There are several strategies that can help your child when they are taking a test or find themselves "stuck" on an answer. When sitting down to a test, your child should employ a few methods to best use their time.

  • Always read all the directions - sometimes a teacher will put something in the directions that is critical for the test. (There are several variations of this exercise, but there are teachers that give out a test that says something like: "Put your name at the top of the page and turn to page 6. Write your favorite animal on the line at the bottom of the page and turn in this test." If the student is paying attention, she will skip all of the other work and get a perfect score.)

  • Do not spend too much time on one question; if you are stuck, mark it, skip it and go back at the end.

  • Focus on the areas that have the heaviest weight for the final grade.

  • Always study, get enough sleep and eat a healthy meal for the day of a test.

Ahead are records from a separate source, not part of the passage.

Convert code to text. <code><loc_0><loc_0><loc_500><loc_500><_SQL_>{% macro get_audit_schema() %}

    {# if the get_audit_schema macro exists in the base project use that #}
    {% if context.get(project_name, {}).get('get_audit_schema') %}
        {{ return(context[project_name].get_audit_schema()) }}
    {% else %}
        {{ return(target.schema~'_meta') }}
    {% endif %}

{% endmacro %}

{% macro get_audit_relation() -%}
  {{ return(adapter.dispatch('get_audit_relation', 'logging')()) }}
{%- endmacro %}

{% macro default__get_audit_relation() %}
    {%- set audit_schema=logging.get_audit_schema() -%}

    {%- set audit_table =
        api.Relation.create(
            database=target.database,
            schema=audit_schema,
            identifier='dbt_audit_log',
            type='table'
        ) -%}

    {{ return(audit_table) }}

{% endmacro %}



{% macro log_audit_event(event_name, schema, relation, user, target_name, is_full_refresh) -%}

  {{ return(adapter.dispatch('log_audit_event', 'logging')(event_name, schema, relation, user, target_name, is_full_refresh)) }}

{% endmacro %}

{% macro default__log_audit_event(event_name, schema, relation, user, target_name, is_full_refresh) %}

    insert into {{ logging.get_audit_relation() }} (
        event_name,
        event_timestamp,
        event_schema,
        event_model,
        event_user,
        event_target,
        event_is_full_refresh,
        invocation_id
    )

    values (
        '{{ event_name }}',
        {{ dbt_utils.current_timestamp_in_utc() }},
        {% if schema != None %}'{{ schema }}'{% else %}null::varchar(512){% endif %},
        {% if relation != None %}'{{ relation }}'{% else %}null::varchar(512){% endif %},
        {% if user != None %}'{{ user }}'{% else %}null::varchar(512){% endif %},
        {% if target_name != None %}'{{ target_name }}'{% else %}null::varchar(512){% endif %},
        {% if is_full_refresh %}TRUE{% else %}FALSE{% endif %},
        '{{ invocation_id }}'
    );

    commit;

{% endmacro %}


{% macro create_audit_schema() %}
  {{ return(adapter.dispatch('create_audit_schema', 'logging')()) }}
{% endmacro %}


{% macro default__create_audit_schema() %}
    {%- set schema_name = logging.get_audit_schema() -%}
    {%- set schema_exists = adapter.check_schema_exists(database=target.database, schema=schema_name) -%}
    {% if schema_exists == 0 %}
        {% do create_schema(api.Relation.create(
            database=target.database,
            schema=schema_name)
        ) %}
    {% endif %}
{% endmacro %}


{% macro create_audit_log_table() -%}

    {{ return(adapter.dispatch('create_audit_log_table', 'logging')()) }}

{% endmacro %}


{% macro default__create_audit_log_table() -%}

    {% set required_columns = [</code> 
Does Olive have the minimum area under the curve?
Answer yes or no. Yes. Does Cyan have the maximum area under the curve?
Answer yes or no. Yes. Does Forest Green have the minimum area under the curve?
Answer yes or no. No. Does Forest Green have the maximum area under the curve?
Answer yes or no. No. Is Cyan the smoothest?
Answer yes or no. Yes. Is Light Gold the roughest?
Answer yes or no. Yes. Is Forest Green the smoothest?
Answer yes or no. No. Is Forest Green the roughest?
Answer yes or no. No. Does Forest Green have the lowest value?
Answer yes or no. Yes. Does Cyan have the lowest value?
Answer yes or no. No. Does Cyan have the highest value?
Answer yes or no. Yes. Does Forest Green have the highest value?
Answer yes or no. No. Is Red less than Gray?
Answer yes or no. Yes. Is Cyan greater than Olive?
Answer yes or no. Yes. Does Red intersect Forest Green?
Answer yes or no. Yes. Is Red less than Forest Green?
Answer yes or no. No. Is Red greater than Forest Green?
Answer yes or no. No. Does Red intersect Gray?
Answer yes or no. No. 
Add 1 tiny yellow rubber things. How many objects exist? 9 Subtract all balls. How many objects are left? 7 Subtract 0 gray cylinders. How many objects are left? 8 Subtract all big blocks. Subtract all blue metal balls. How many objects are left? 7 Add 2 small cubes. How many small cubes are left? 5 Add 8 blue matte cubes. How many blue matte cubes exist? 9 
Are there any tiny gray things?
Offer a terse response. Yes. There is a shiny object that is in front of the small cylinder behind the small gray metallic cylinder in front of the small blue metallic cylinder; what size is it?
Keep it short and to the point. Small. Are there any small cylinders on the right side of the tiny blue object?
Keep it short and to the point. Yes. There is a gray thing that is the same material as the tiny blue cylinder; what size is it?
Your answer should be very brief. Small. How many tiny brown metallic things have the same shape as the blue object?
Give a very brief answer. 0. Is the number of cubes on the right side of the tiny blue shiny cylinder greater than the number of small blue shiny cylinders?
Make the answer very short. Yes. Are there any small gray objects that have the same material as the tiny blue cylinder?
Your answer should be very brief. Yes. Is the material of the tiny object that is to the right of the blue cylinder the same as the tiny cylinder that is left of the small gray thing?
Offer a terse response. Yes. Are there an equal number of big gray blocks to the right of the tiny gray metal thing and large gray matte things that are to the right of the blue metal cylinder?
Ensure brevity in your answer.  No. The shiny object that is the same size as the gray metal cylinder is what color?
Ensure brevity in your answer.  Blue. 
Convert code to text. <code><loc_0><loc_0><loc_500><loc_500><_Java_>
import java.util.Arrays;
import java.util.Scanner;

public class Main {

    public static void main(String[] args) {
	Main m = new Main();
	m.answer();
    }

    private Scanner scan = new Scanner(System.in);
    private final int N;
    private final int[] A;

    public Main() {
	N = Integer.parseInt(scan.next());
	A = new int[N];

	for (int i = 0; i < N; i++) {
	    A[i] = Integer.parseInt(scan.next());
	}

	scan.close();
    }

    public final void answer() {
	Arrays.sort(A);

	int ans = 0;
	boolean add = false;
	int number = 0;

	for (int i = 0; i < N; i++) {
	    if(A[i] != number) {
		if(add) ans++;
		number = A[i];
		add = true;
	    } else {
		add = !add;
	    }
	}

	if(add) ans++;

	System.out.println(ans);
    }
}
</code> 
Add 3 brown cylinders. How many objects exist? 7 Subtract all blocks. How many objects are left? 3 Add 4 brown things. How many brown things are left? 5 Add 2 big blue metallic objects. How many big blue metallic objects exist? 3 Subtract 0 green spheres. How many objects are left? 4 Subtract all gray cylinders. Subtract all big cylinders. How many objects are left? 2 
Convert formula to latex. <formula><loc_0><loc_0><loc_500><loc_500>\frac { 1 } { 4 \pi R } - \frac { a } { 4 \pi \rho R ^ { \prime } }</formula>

In addition to these generalized tips and tricks, the different types of questions typically asked on a test have different tricks if you are stuck. Multiple choice are one of the more common types of tests, and if the test was prepared by the teacher, rather than randomly generated by a computer, there are several human tendencies that come out while writing the tests.

Multiple choice tricks & tips

Always answer in your mind before reading the possible answers. When you find a choice that matches your initial answer, mark it and move on. If you have skipped a question and are coming back to it and are going to guess, there are some smart ways to guess on multiple choice tests.

  • Teachers rarely put the same letter answer twice in a row. (2 B's, etc.)

  • If you see a list of numbers, pick one that is in the middle range.

  • None of the above is usually not a good guess.

  • If there are five possible answers, the correct answer is rarely "A."

  • The longest possible answer is often a good guess.

True and false tips and tricks

Since these types of questions are often a "warm up" and placed at the beginning of a test, these should be answered quickly, and with the best guess as you go. Mark any that you are unsure about and go back if you have time. These questions are rarely heavily weighted, so the student should not spend a lot of time doing them.

  • Look for any part of the statement to be false, since if any part is false, the entire statement is false.

  • If the words (all, never, always, must, etc.) are included in the statement, the best answer is usually false.

  • If the statement is more general with words like (some, most, usually, could or might), selecting true is usually the best option.

  • If the statement is exaggerated or complicated, it is probably false.